The correct answer seems to be that smart meters are safe, but the question itself could prove problematic for utilities.
Two things are very clear about smart water infrastructure: the tremendous savings potential for utilities (up to $12.5 billion a year, worldwide) and the fast-paced level of adoption (market growth from $2.3 billion in 2011 to $20 billion in 2020). The bright-looking future could get cloudy, however, if the anti-smart meter movement has its way. This relatively small but vocal contingent of protesters claims that the radiation emitted from smart meters — installed outside homes to record water usage — can bring about everything from headaches to cancer. If such fears take hold, it could inhibit the growth of the burgeoning advanced metering infrastructure (AMI) network.

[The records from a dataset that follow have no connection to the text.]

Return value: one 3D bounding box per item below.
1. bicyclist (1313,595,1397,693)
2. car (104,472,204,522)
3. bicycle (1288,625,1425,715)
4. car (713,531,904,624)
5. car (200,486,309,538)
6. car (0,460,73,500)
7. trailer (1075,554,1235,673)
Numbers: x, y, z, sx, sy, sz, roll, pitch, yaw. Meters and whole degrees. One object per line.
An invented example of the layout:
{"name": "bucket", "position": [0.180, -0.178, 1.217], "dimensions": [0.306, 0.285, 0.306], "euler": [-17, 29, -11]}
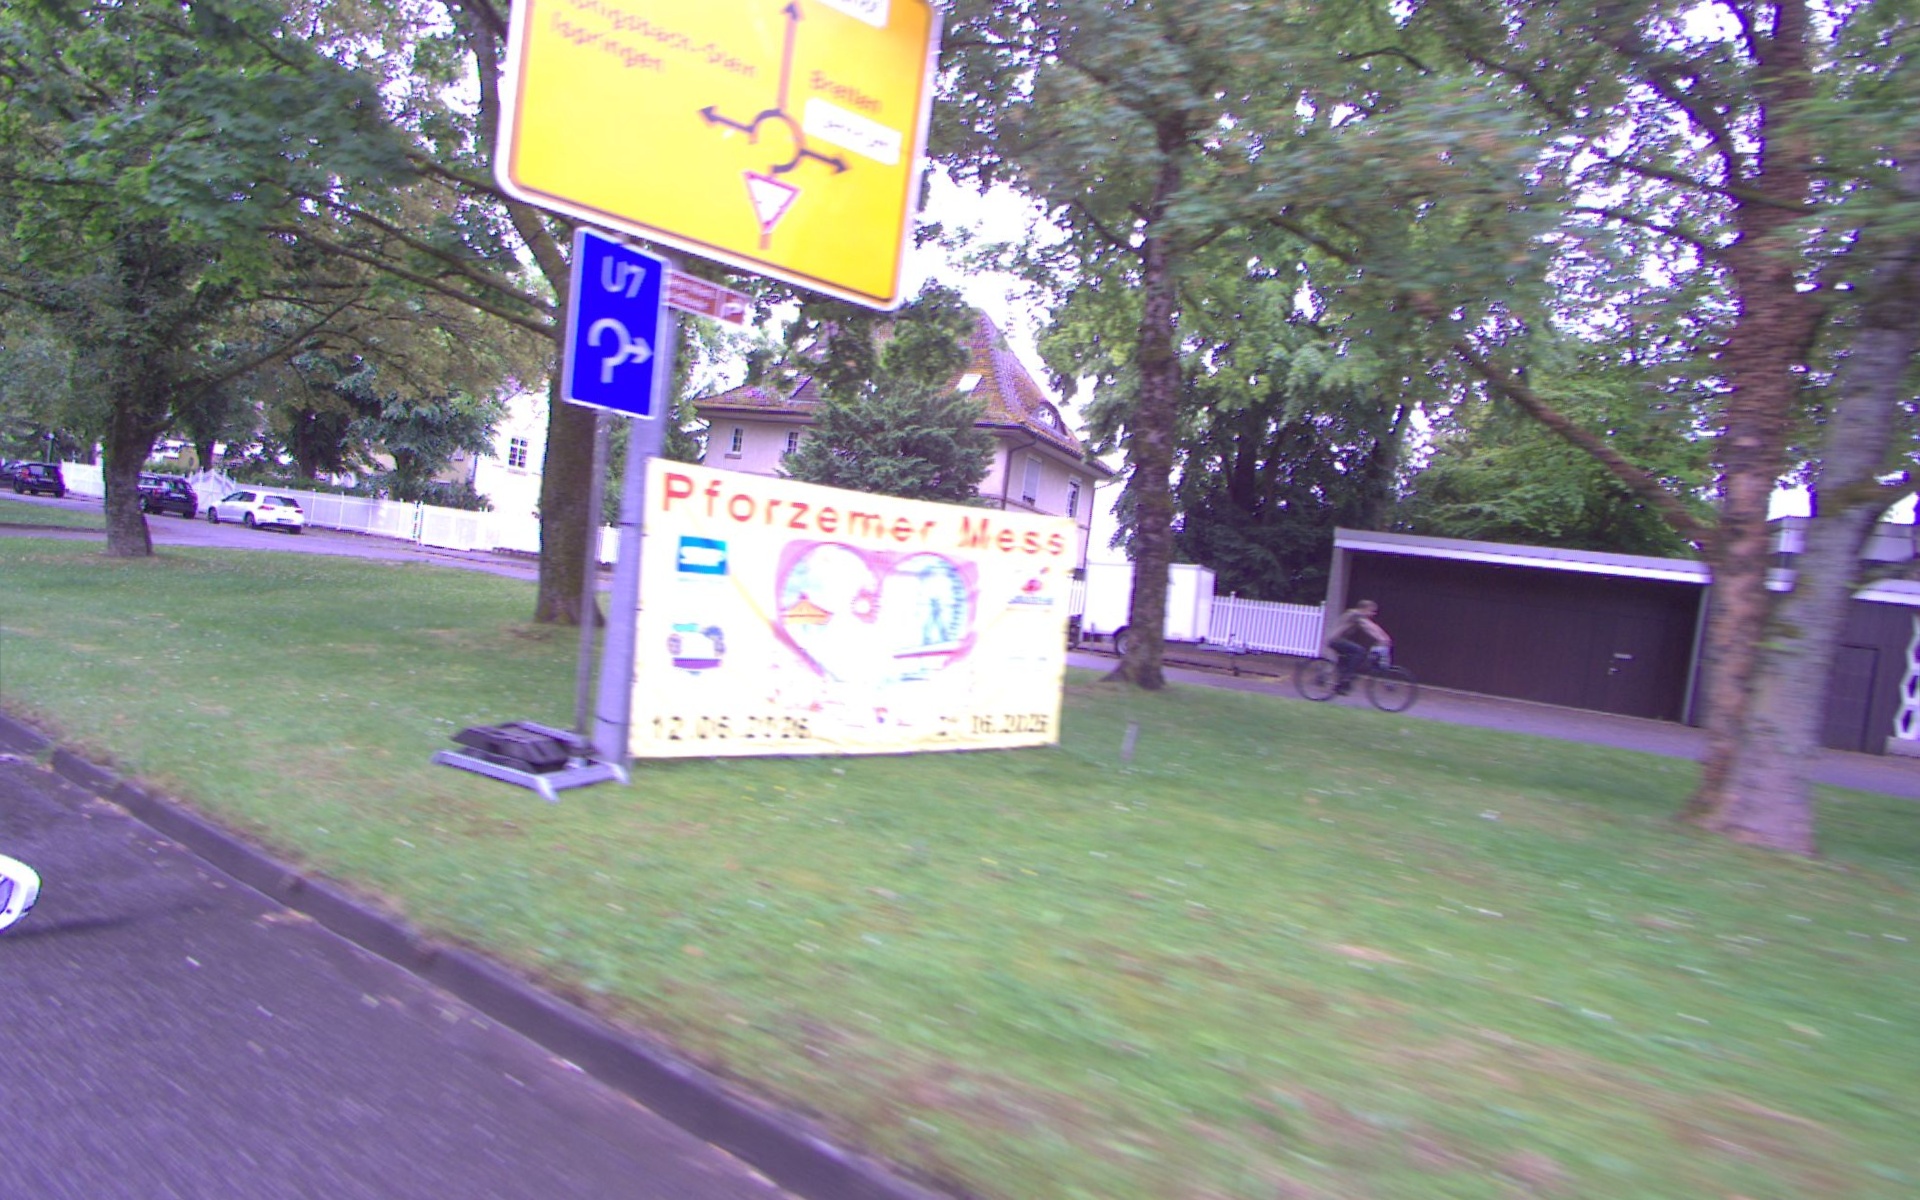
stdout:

A case in point comes from Saskatchewan, Canada, where earlier this month it was reported that Canadians 4 Safe Technology (C4ST) is attempting to stall the installation of 500,000 smart meters and 450 radio towers planned for the province by 2015. Though this instance relates to electric meters, the technology and related health concern is the same for smart water meters: data is transmitted via radio frequency (RF) waves, thereby emitting low-level environmental radiation. C4ST’s CEO, Frank Clegg, argues that this radiation affects everyone differently, and that hypersensitivity to electromagnetic field (EMF) exposure can bring on memory loss, dizziness, fatigue, and altered heart rates. The claims remain unproven, but Clegg may garner a certain amount of credibility as the former president of Microsoft Canada.
Some individuals and groups, however, are decidedly more extreme (and less credible) with their claims. StopSmartMeters.org, through its collection of articles and links, not only ramps up the health concern to cancer, but warns that smart meters are a method of government surveillance. The organization also offers guidance on how to halt installations by municipalities or “opt out” on and individual basis. Perhaps the website has faithful readers in Baraboo, WI, where some residents who refused to allow smart water meters in their homes had their water supply cut off by the city in July.

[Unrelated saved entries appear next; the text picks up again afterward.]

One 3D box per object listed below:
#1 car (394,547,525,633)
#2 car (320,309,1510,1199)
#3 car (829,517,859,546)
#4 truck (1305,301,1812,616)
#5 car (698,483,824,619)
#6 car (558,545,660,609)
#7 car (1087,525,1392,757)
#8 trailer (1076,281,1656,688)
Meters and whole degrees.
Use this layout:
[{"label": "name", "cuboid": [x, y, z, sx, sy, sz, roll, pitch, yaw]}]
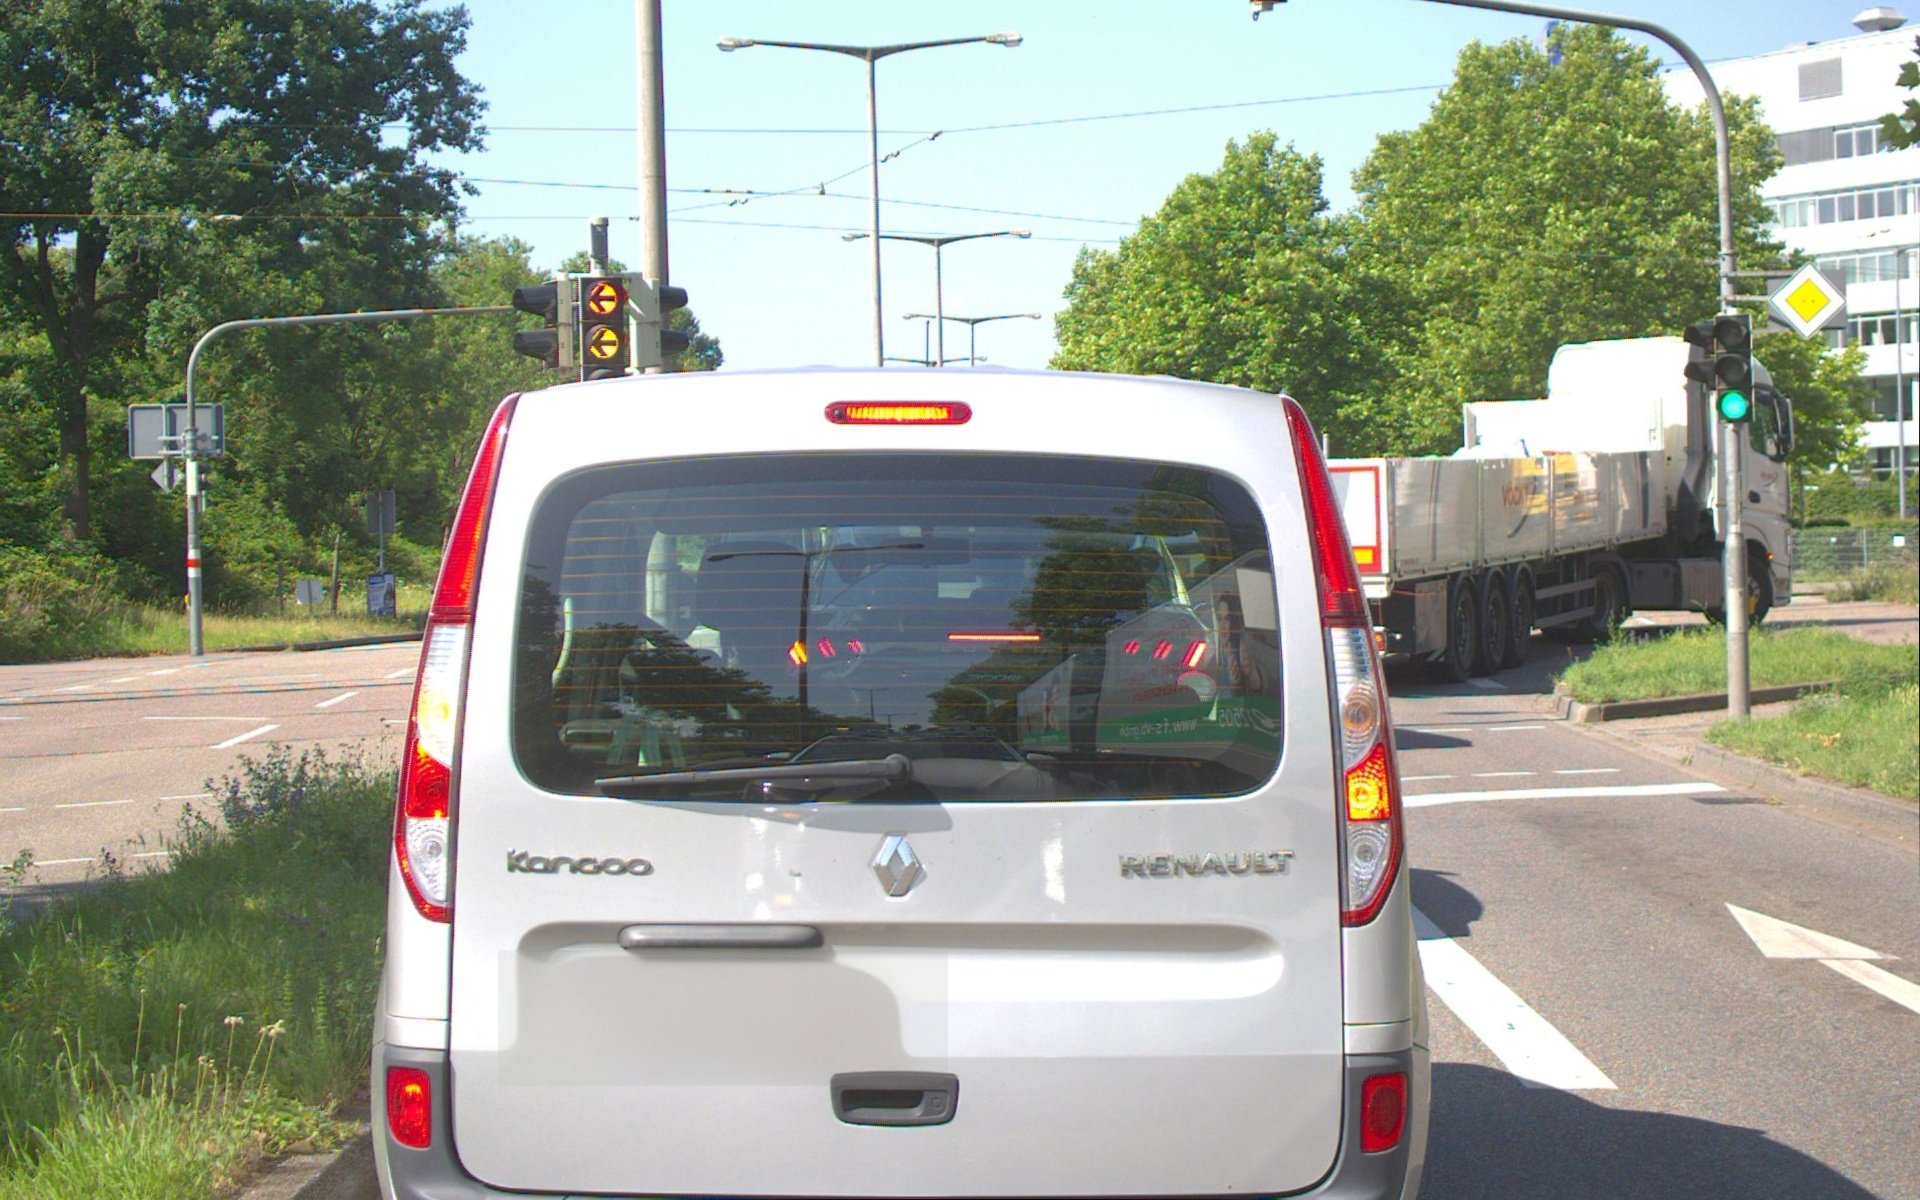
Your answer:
[{"label": "car", "cuboid": [-9.997, -0.210, 68.967, 1.911, 1.636, 3.737, -1, 0, 2]}, {"label": "car", "cuboid": [-0.094, 0.468, 7.218, 1.786, 1.831, 4.000, 1, 1, -1]}, {"label": "car", "cuboid": [-8.431, -4.955, 249.977, 1.888, 2.007, 4.000, 1, 1, 2]}, {"label": "truck", "cuboid": [7.653, -1.646, 43.229, 2.917, 3.630, 7.172, 1, 1, 41]}, {"label": "car", "cuboid": [-3.993, -0.978, 69.674, 1.994, 2.598, 5.133, -1, 0, 2]}, {"label": "car", "cuboid": [-8.971, -0.596, 88.204, 1.994, 1.535, 4.236, -1, 0, 2]}, {"label": "car", "cuboid": [2.018, 0.261, 26.015, 1.875, 1.586, 4.434, 1, 1, -1]}, {"label": "trailer", "cuboid": [4.804, -1.077, 36.889, 2.903, 3.610, 12.671, 1, 1, 22]}]

Even if customers such as these are off base with their concerns, the action of refusing smart meters, as well as the municipality’s response, could open up an unwanted can of worms regarding privacy rights.
Real Risk Vs. Perceived Risk
Without dismissing all health-risk concerns entirely, at this juncture I tend to side with the preponderance of evidence gathered in scientific studies. Oh, and also with the American Cancer Society. Both suggest that the health risk associated with smart meters is slim to none.

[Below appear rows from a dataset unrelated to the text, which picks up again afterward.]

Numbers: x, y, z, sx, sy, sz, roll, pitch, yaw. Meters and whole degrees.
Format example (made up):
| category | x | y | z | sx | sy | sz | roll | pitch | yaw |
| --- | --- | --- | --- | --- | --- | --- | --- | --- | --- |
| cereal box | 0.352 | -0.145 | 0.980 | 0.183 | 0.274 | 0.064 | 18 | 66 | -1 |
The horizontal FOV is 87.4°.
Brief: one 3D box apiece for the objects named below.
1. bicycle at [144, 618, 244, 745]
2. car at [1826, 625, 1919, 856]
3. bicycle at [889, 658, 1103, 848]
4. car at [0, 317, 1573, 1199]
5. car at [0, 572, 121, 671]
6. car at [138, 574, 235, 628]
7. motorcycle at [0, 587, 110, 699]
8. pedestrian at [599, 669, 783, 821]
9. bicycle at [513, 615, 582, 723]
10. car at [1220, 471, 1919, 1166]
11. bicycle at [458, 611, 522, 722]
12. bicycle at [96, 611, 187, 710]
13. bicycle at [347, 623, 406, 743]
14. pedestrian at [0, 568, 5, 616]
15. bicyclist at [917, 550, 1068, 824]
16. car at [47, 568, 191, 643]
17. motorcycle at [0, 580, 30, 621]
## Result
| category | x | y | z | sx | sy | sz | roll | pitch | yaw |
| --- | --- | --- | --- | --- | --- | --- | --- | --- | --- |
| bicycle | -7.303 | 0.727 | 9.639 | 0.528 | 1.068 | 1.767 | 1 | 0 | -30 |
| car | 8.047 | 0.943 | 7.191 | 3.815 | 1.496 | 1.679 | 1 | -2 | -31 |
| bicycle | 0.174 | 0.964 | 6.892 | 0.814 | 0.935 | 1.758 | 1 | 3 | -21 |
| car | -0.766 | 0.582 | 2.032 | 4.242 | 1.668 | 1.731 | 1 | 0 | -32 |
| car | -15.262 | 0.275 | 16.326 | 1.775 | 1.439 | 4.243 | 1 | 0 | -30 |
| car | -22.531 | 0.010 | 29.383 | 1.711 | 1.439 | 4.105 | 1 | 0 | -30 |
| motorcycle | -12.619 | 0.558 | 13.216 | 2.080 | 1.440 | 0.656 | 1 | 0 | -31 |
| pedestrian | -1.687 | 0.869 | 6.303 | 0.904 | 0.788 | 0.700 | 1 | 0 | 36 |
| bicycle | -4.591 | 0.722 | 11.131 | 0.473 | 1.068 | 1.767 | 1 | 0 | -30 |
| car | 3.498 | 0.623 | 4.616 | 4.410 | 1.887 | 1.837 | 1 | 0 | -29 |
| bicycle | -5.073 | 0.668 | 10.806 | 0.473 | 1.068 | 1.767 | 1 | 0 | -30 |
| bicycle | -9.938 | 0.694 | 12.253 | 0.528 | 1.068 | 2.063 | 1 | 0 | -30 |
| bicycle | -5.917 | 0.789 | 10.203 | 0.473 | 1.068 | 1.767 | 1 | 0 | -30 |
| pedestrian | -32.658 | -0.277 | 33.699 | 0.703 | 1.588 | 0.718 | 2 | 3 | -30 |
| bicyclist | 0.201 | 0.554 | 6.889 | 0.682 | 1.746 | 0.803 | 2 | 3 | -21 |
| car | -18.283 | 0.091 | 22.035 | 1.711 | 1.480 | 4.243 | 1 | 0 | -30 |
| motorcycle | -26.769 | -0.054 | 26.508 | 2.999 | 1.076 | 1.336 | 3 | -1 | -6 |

The Public Utility Commission of Texas (PUCT), in response to citizens’ concerns, created a report based on its review of thousands of scientific research papers. PUCT concluded that “Decades of scientific research have not provided any proven or unambiguous biological effects from exposure to low-level radio frequency signals.”
Adds the American Cancer Society, specifically speaking on smart meters: “The actual risk of harm, if it exists, is likely to be extremely low.”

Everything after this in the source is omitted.